Joan Mitchell, My Landscape II (1967). Collection of the Smithsonian American Art Museum, Washington, D.C., gift of Mr. and Mrs. David K. Anderson, Martha Jackson Memorial Collection; ©estate of Joan Mitchell.

“Mitchell talked throughout her entire life about how formative the wind, the weather, the light, the color, and the constant changing of the lake was to her sense of landscape and to her visual intelligence,” Roberts said.

This influence becomes more pronounced in the second half of the show, with works made in France in the 1970s and ’80s, inspired by everything from Paris Metro stations to sailing on the Mediterranean with her long-time partner Jean-Paul Riopelle. (He documented those trips in home movies, a snippet of which plays on loop in the gallery.)

The exhibition is arranged chronologically, following Mitchell across the decades. “We wanted to tell the story of Mitchell’s art from Mitchell’s perspective, as she experienced it, in suites or cycles of work,” Siegel said.

There’s the moment when Mitchell and Riopelle put a final end to their fraught 20-year relationship, and she responds with La Vie en rose (1979), a four-panel masterpiece measuring more than 22 feet wide.

Joan Mitchell, La Vie en Rose (1979). Collection of the Metropolitan Museum of Art, New York, anonymous gift and purchase, George A. Hearn Fund, by exchange; ©estate of Joan Mitchell.
Joan Mitchell, La Vie en Rose (1979). Collection of the Metropolitan Museum of Art, New York, anonymous gift and purchase, George A. Hearn Fund, by exchange; ©estate of Joan Mitchell.

“It’s an incredibly tough, but very ambitious declaration of independence and philosophy and mourning and grief all at the same time,” Roberts said.

“As a woman alone, she’s really rising to the occasion and making paintings at a scale that she’s never made before,” Siegel agreed.

The exhibition ends with works made just months before the artist’s death, from lung cancer in 1992. The powerful paintings clearly show Mitchell still exploring new ideas on massive canvases despite her illness.

“Mitchell knowns she’s not in great health, and she knows her time is limited, and she’s really fully herself,” Siegel said.

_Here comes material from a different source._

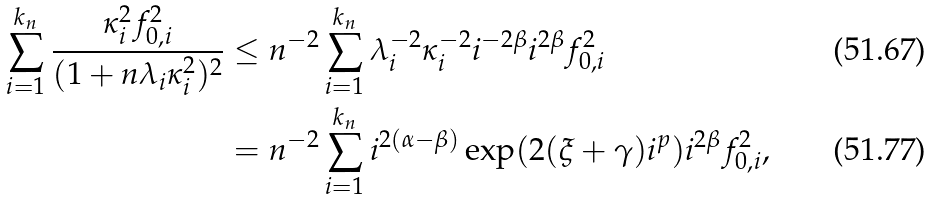<formula> <loc_0><loc_0><loc_500><loc_500>\sum _ { i = 1 } ^ { k _ { n } } \frac { \kappa _ { i } ^ { 2 } f _ { 0 , i } ^ { 2 } } { ( 1 + n \lambda _ { i } \kappa _ { i } ^ { 2 } ) ^ { 2 } } & \leq n ^ { - 2 } \sum _ { i = 1 } ^ { k _ { n } } \lambda _ { i } ^ { - 2 } \kappa _ { i } ^ { - 2 } i ^ { - 2 \beta } i ^ { 2 \beta } f _ { 0 , i } ^ { 2 } \\ & = n ^ { - 2 } \sum _ { i = 1 } ^ { k _ { n } } i ^ { 2 ( \alpha - \beta ) } \exp ( 2 ( \xi + \gamma ) i ^ { p } ) i ^ { 2 \beta } f _ { 0 , i } ^ { 2 } ,</formula> 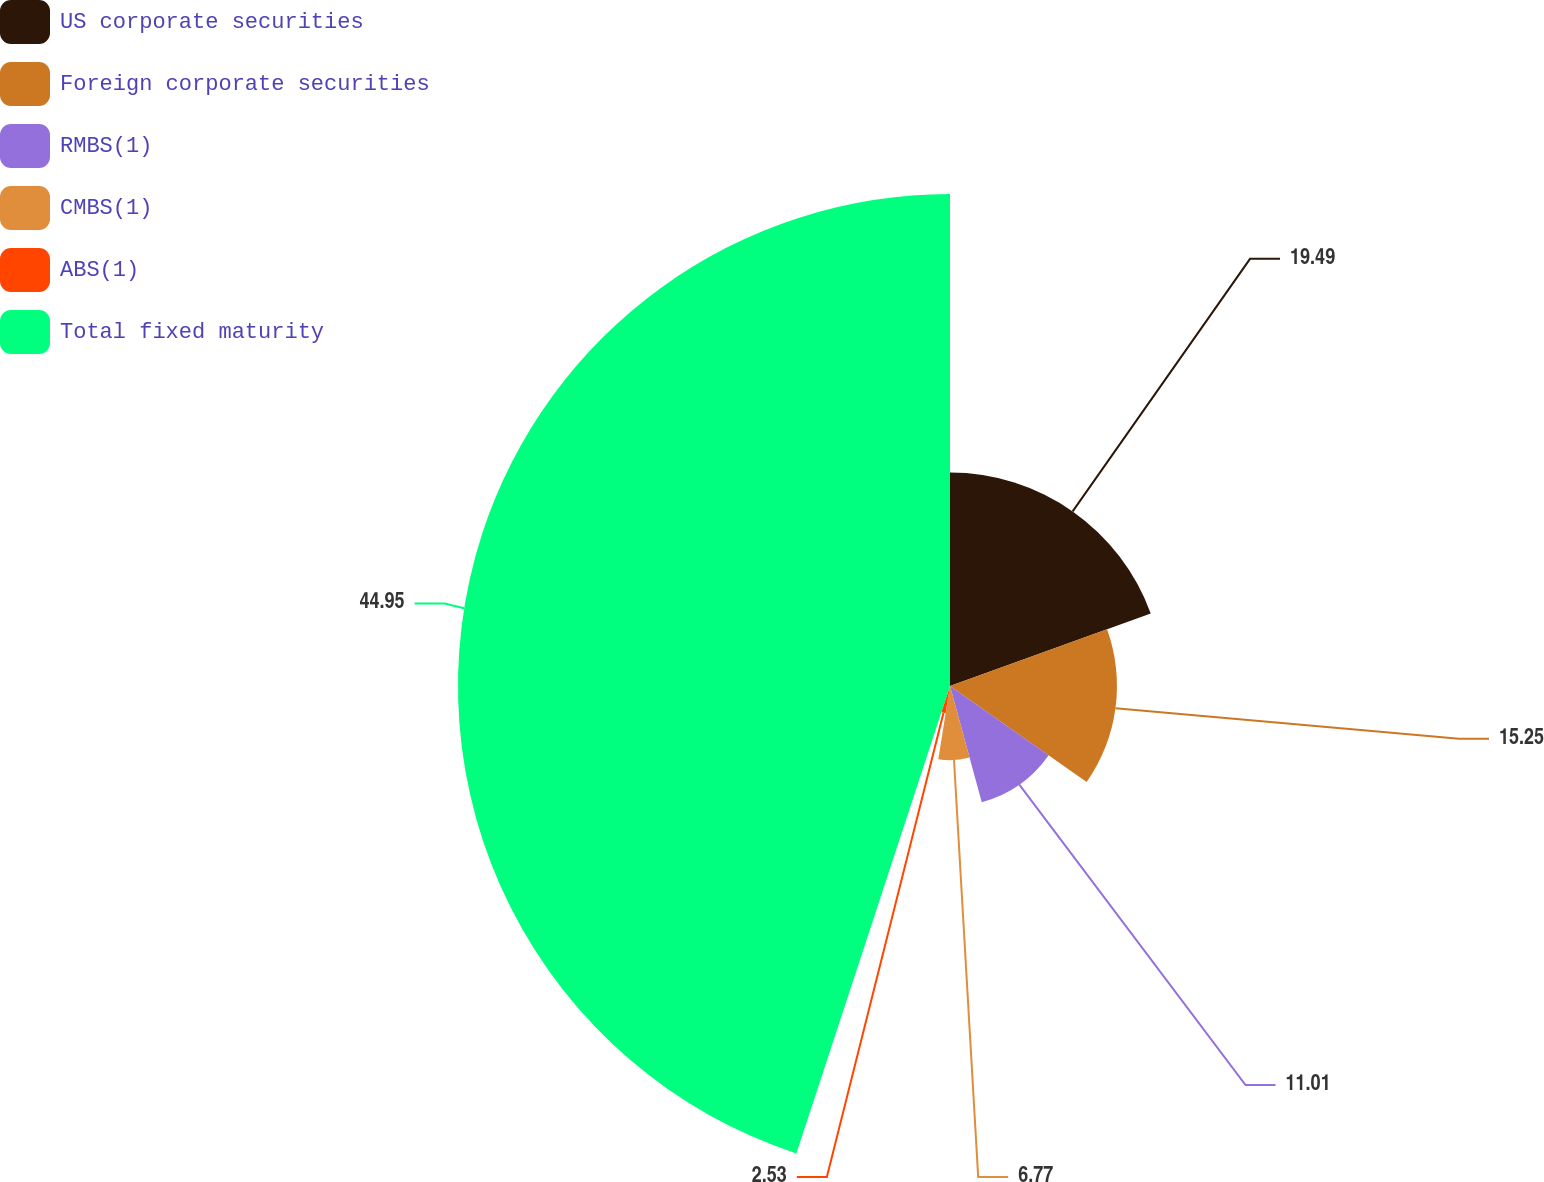Convert chart. <chart><loc_0><loc_0><loc_500><loc_500><pie_chart><fcel>US corporate securities<fcel>Foreign corporate securities<fcel>RMBS(1)<fcel>CMBS(1)<fcel>ABS(1)<fcel>Total fixed maturity<nl><fcel>19.49%<fcel>15.25%<fcel>11.01%<fcel>6.77%<fcel>2.53%<fcel>44.94%<nl></chart>

Joan Mitchell, Sunflowers (1990–91). Photo by Brian Buckley; collection of John Cheim; ©estate of Joan Mitchell.
Joan Mitchell, Sunflowers (1990–91). Photo by Brian Buckley; collection of John Cheim; ©estate of Joan Mitchell.

“She keeps trying new things and pushing herself, and you see that right to the end,” Roberts added.

In the early stages of planning, the curators hoped to include as many as 125 pieces, including a large selection of Mitchell’s works on paper. In the end, the scope proved somewhat narrower.

“We couldn’t do everything,” Siegel said. “We hope that this overview is definitive when it comes to the big picture of Mitchell, but there’s so much more to do.”